Exercise instructions: In the records below, begin at the line that has "#9 pedestrian [1131,846,1136,858]" and stop after the line that has "Use a JSON array"; quote those lines verbatim and nothing more.

Extracted records:
::::::::
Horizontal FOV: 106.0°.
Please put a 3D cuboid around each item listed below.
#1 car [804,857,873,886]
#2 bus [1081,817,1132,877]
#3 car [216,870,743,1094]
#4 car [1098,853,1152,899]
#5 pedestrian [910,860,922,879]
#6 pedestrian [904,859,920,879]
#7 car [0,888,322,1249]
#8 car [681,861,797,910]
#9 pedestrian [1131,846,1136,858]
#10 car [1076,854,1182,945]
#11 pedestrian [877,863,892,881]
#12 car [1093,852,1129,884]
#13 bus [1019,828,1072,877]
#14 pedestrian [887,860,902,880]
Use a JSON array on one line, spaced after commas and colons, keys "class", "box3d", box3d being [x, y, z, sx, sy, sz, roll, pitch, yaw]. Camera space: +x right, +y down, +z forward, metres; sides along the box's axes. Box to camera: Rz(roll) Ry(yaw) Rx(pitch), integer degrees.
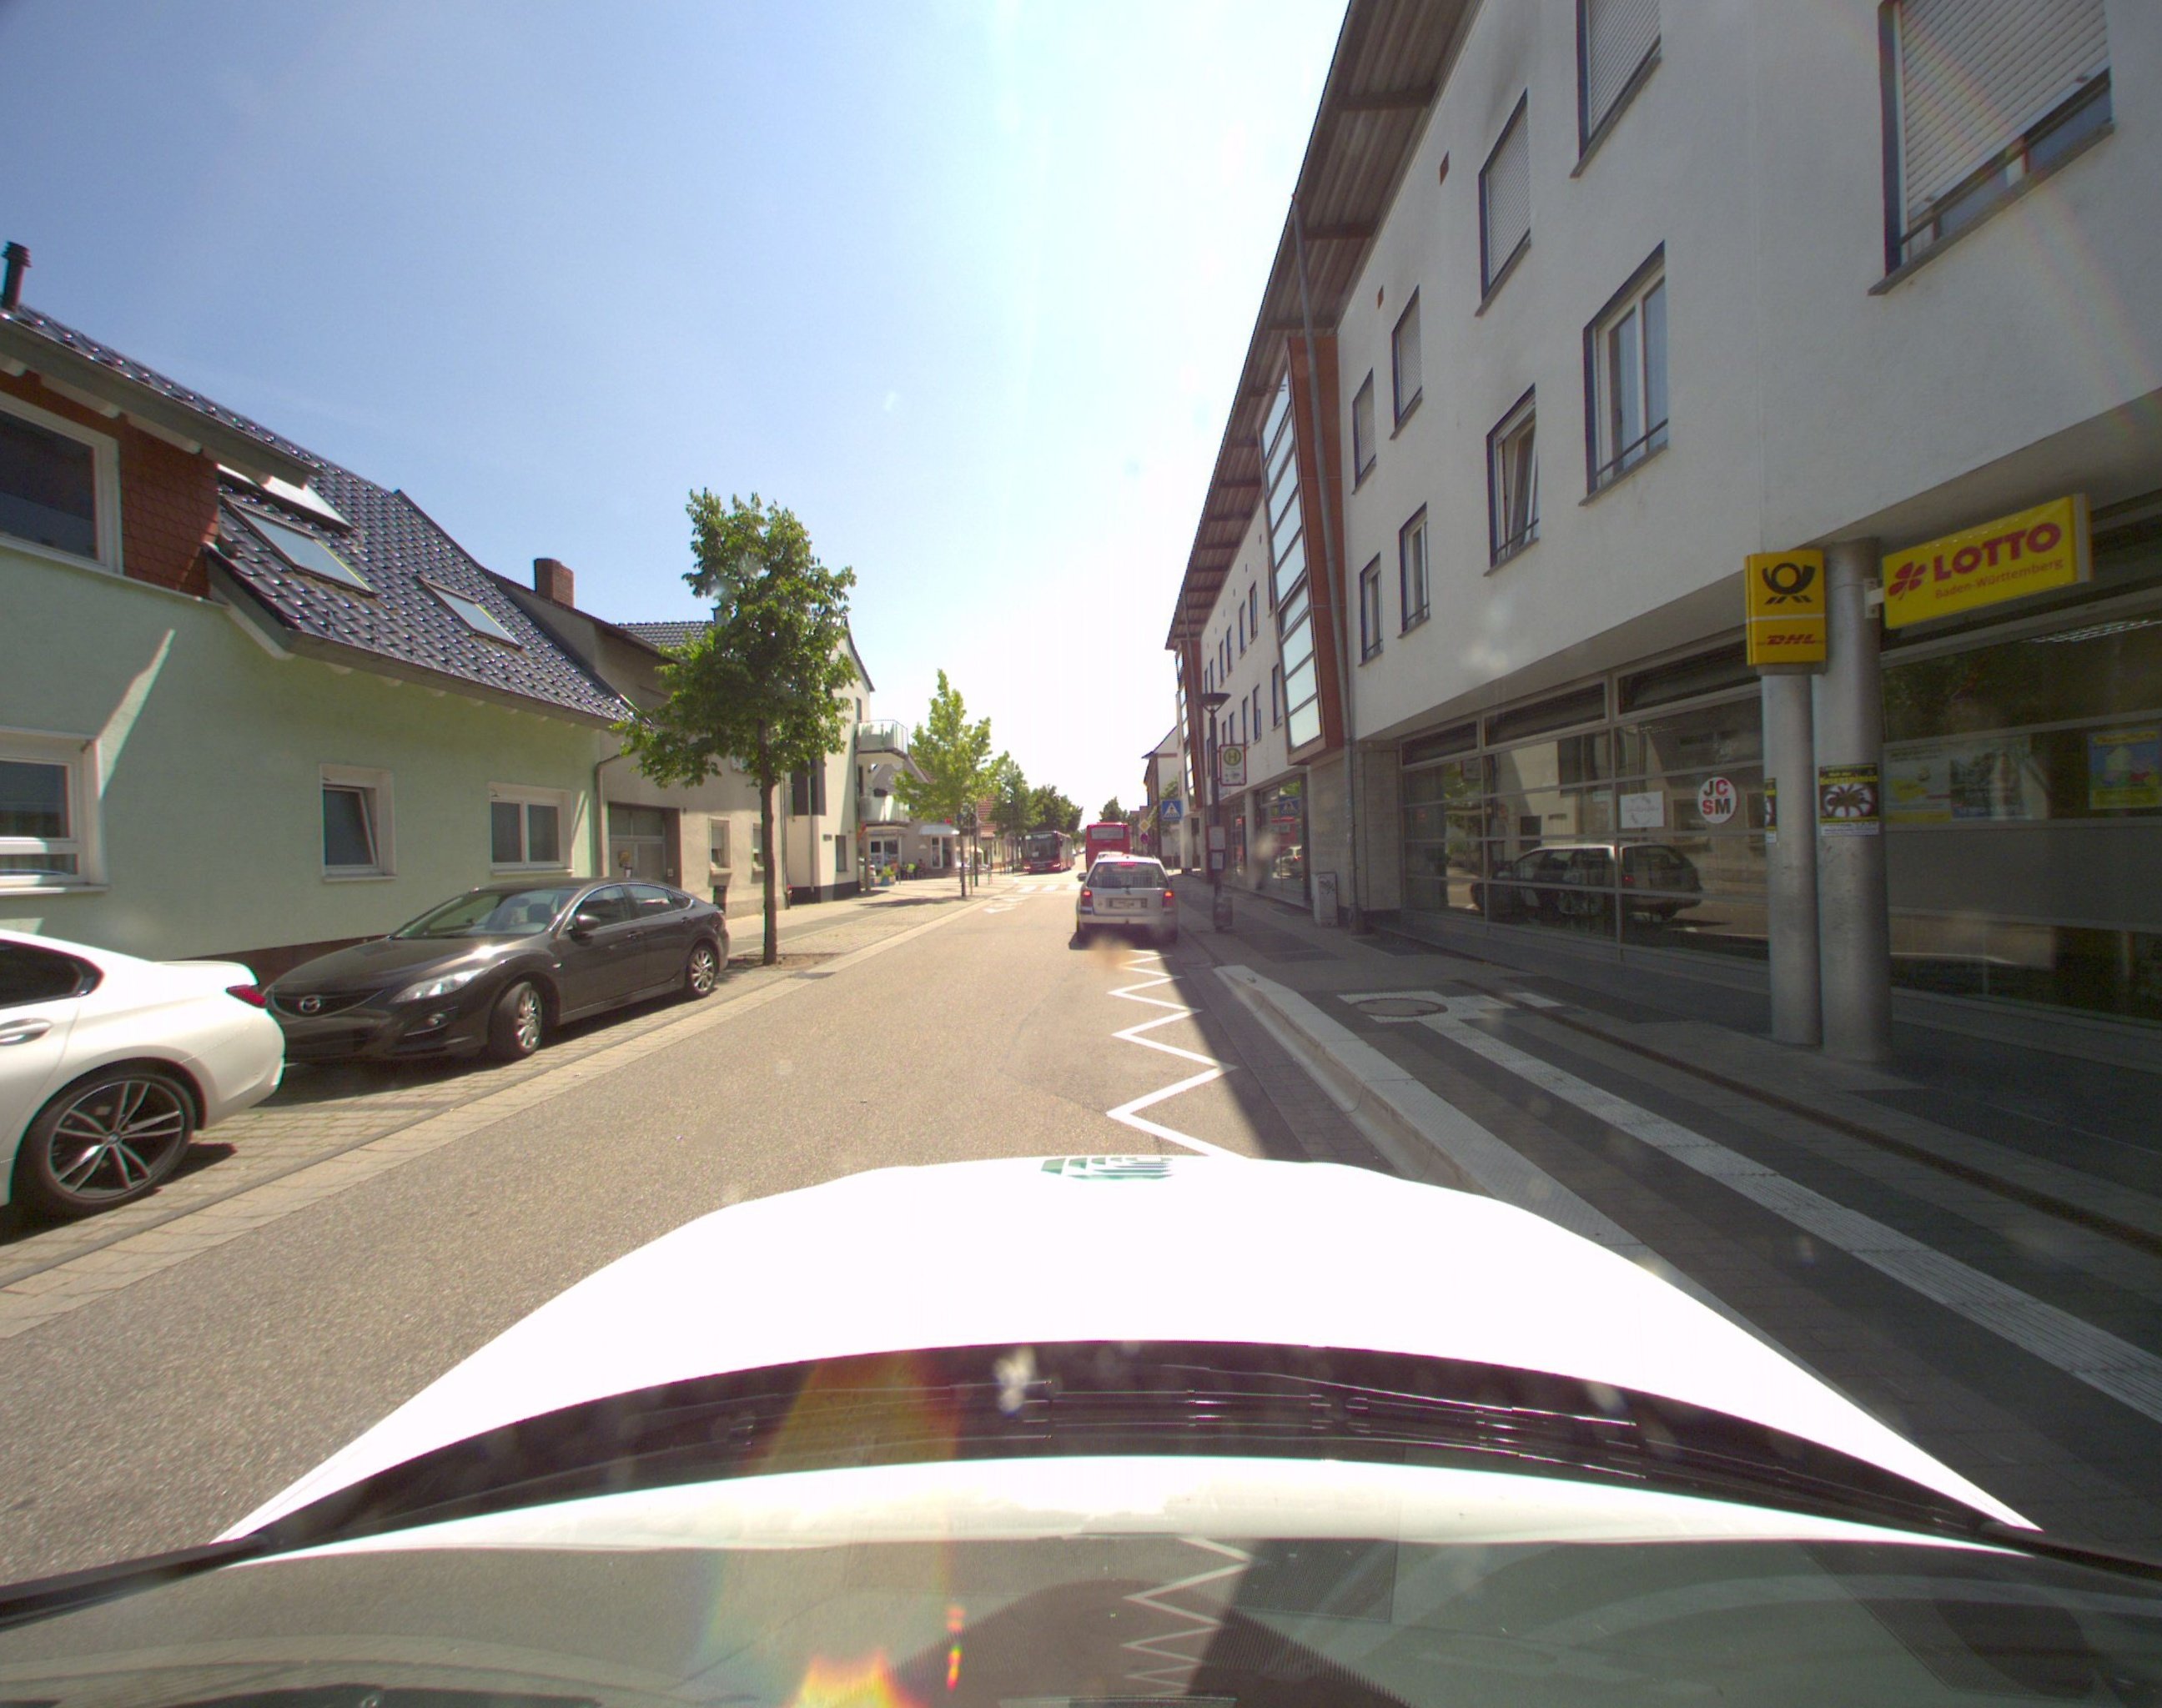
::::::::
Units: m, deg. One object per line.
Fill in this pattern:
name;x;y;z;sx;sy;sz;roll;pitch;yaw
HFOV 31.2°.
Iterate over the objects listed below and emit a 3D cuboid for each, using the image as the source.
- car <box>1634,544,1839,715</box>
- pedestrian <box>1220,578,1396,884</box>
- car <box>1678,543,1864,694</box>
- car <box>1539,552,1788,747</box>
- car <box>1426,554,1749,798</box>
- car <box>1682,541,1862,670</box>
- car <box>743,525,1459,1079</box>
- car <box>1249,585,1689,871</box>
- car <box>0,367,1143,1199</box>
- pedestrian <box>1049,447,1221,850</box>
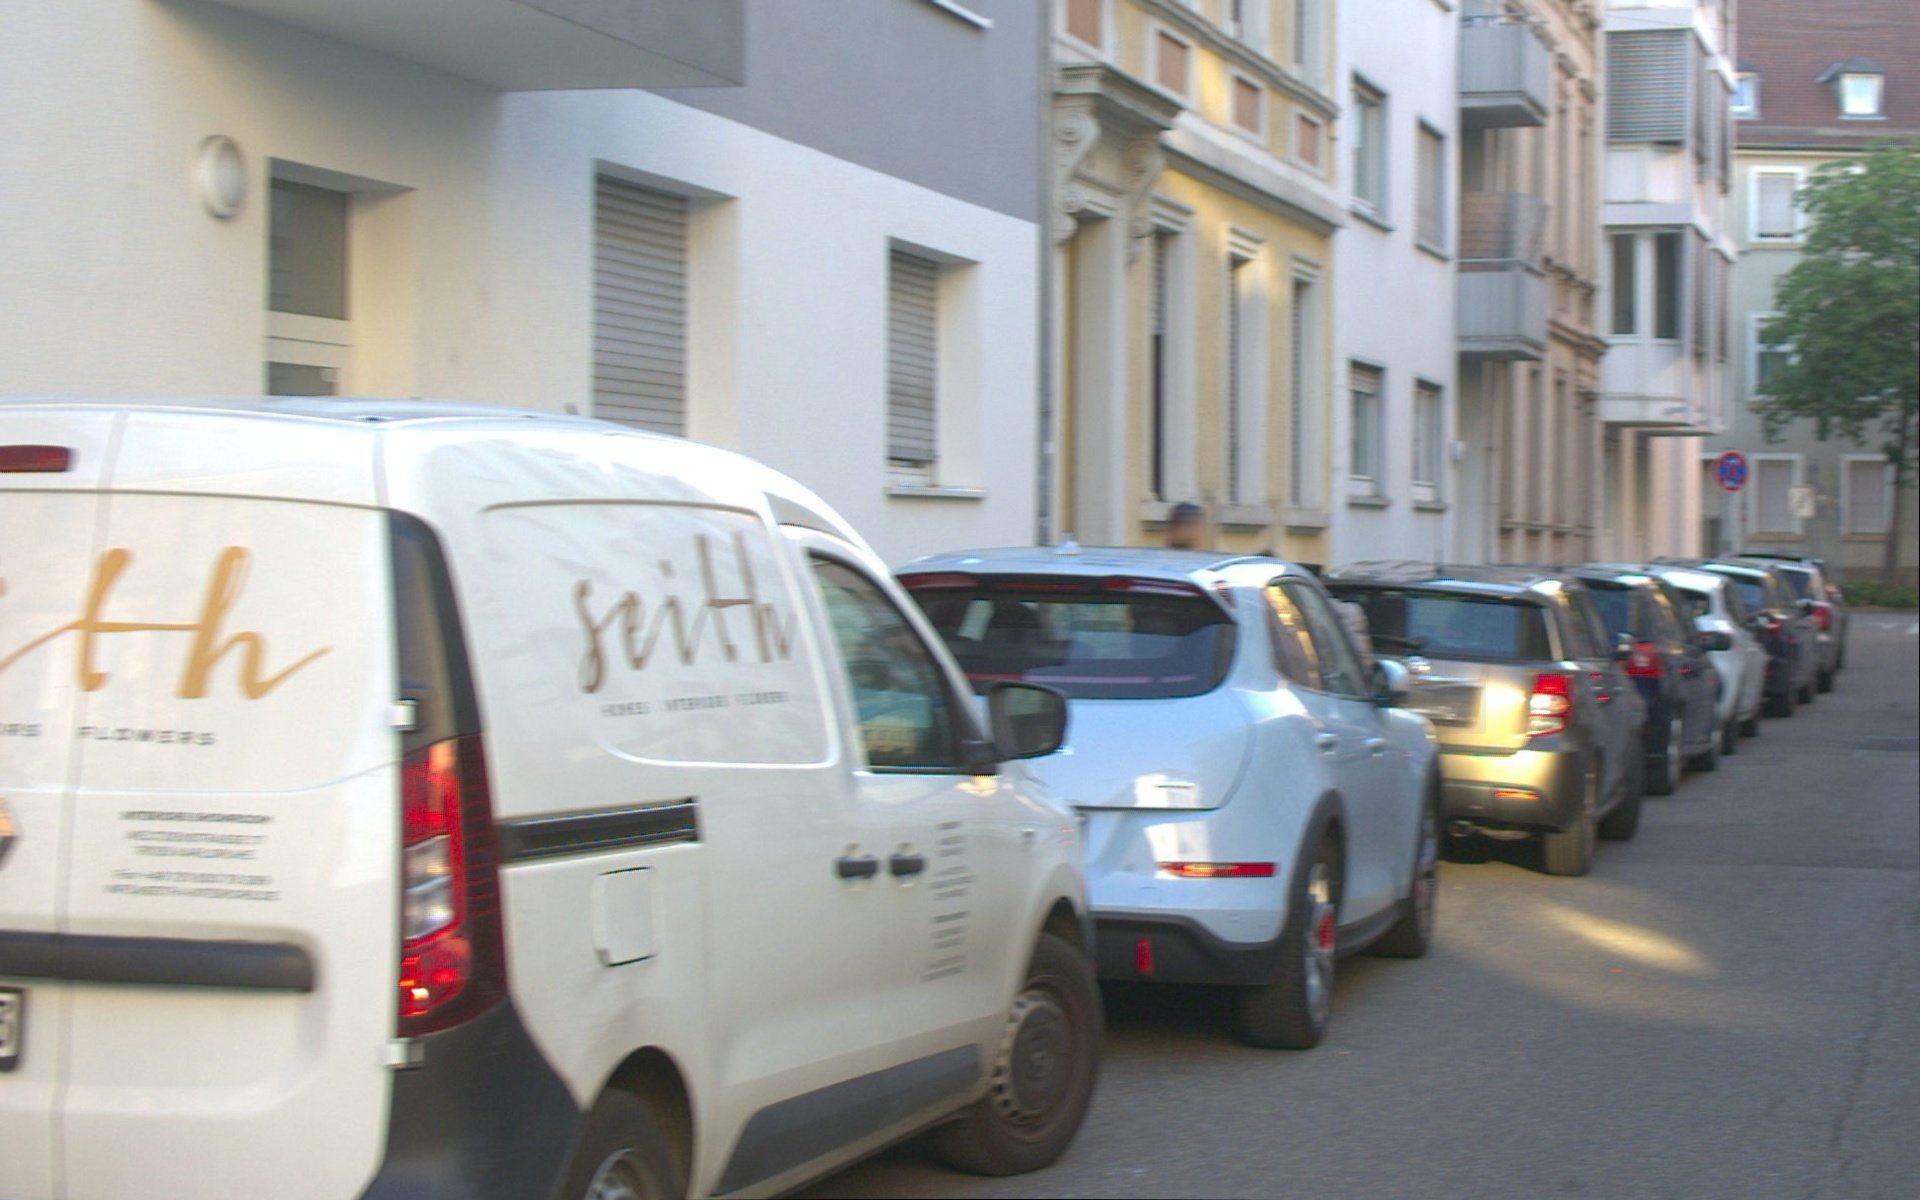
::::::::
Result of the exercise:
#9 pedestrian [1131,846,1136,858]
#10 car [1076,854,1182,945]
#11 pedestrian [877,863,892,881]
#12 car [1093,852,1129,884]
#13 bus [1019,828,1072,877]
#14 pedestrian [887,860,902,880]
Use a JSON array on one line, spaced after commas and colons, keys "class", "box3d", box3d being [x, y, z, sx, sy, sz, roll, pitch, yaw]. Camera space: +x right, +y down, +z forward, metres; sides along the box's axes. Box to camera: Rz(roll) Ry(yaw) Rx(pitch), integer degrees.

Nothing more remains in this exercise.